Kritik an der Gewerkschaft bei Kundgebung in Tübingen

Rund 1 200 Demonstranten folgen dem Aufruf des Deutschen Gewerkschaftsbundes und nehmen an der Kundgebung auf dem Tübinger Marktplatz teil

Die Demonstranten ziehen vom Europaplatz bis zum Rathausplatz.  FOTO: SAPOTNIK
Die Demonstranten ziehen vom Europaplatz bis zum Rathausplatz. FOTO: SAPOTNIK
Die Demonstranten ziehen vom Europaplatz bis zum Rathausplatz. FOTO: SAPOTNIK

TÜBINGEN. Mehr Offensivität bei den Gesprächen mit den Arbeitgebern – das forderte der Hauptredner der 1. Mai-Kundgebung, Gerd Bosbach, von den Gewerkschaftlern. »Wenn Scheiße gemacht wird, muss der DGB das auch als Scheiße benennen«, sagte der Professor für Mathematik und Statistik, der an der Uni Koblenz lehrt.

Rund 1 200 Demonstranten versammelten sich am 1. Mai auf dem Tübinger Rathausplatz, um dem Aufruf des Deutschen Gewerkschaftbunds (DGB) zu folgen und sich gemeinsam für gerechte Arbeitszeiten und Löhne einzusetzen und auf Missstände aufmerksam zu machen. Gemeinsam zogen sie vom Europlatz bis zum Rathausplatz – in diesem Jahr unter dem Motto »Europa. Jetzt erst richtig«. Aber auch über die Grenzen Europas hinaus waren die Arbeitsbedingungen Thema: Die Tübinger Initiative »Fairstrickt« sammelte für Frauen, die in Bangladesch in der Textilindustrie arbeiten, und die Schauspielerin Sarah Kentner las ein Gespräch mit Saeeda Khatoon vor, die ihren Sohn bei einem Brand in einer Textilfabrik verlor und daraufhin einen Textildiscounter verklagte.

Eines der Spezialgebiete von Bosbach ist laut eigener Aussage, Lügen in Zahlen zu entdecken. Er rechnete vor, wie viel Gewinn ein Unternehmen wie BASF pro Jahr pro Mitarbeiter macht. Bei dem Chemiekonzern seien das laut Bosbachs Berechnungen rund 36 000 Euro pro Mitarbeiter. »Dieses Geld hat BASF aber an die Aktionäre ausgeschüttet, nicht an die Mitarbeiter«, sagte er. Solche Rechnungen habe er auch für andere Unternehmen aufgestellt. »Die Zahlen sind aber nur kurz in der Verdi-Zeitung erschienen. Die Betriebsleitung hat sich vornehm zurückgehalten«, sagte er. Auch in der Autobranche hätten sich die Betriebsräte offensiver in den Abgasskandal einschalten sollen. »Glauben Sie, die Betriebsräte haben davon nichts gewusst? Das denke ich nicht«, sagte er.

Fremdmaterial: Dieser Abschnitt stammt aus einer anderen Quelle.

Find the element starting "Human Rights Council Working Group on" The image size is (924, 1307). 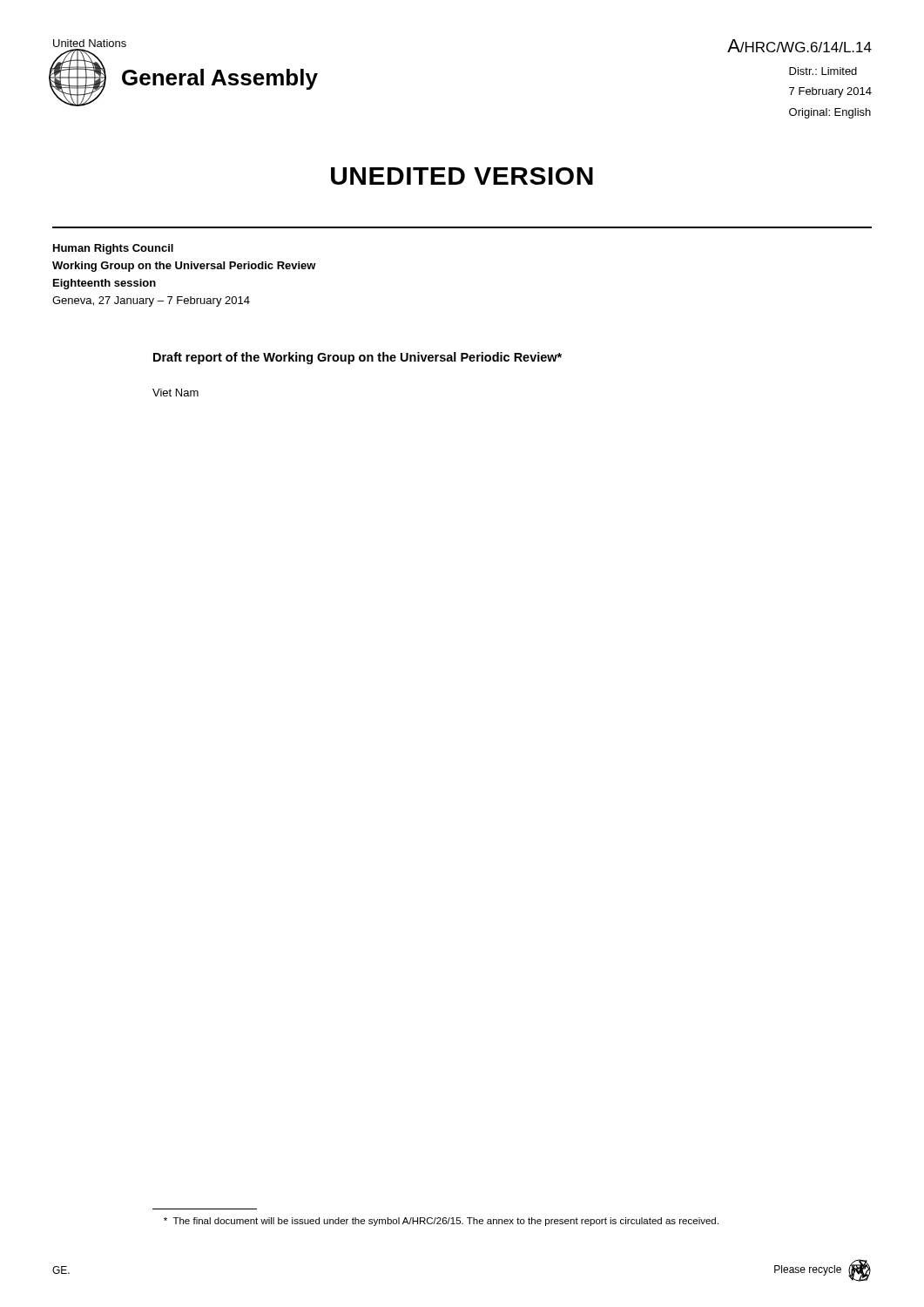click(184, 274)

Die Vorsitzende des Personalrats, Margrit Paal, moderierte die rund zweistündige Kundgebung. In ihrer Begrüßungsrede kritisierte sie kurz Oberbürgermeister Boris Palmer, der mit seiner Kritik an einer Werbung der Deutschen Bahn eine Rassismusdebatte ausgelöst hatte. »Man würde ihm am liebsten zurufen: Ja, lieber Boris, auch du bist damit gemeint«, sagte sie. Sie betonte, dass die Stadtverwaltung dazu verpflichtet sei, die Menschenwürde zu wahren. Stellvertretend für die Stadtverwaltung trat Sozialbürgermeisterin Daniela Harsch ans Mikro. Sie versprach, sich weiterhin in ihrem Amt dafür einzusetzen, dass die Bürger in Tübingen friedlich zusammenleben können. Zugleich zeigte sie sich solidarisch mit den Gewerkschaftlern: »Schließen Sie gute Tarifverträge ab, die uns ermöglichen die Arbeitnehmer ordentlich zu bezahlen.«

Personalmangel bleibt Thema

Als Vertreterin des größten Arbeitgebers sprach Angela Hauser, Personalratsvorsitzende des Uniklinikums. Sie kritisierte den Personalmangel in den Pflegeberufen, der – trotz neu abgeschlossenem Tarifvertrag – immer noch an den vier Kliniken herrsche. »Das vereinbarte Ausfallmanagement und der Springerpool sind immer noch nicht aufgebaut worden. Wir leiden immer noch unter dem Personalmangel«, sagte sie. Sie forderte weiterhin mehr Personal, bessere Arbeitsbedingungen und eine angemessene Patientenversorgung.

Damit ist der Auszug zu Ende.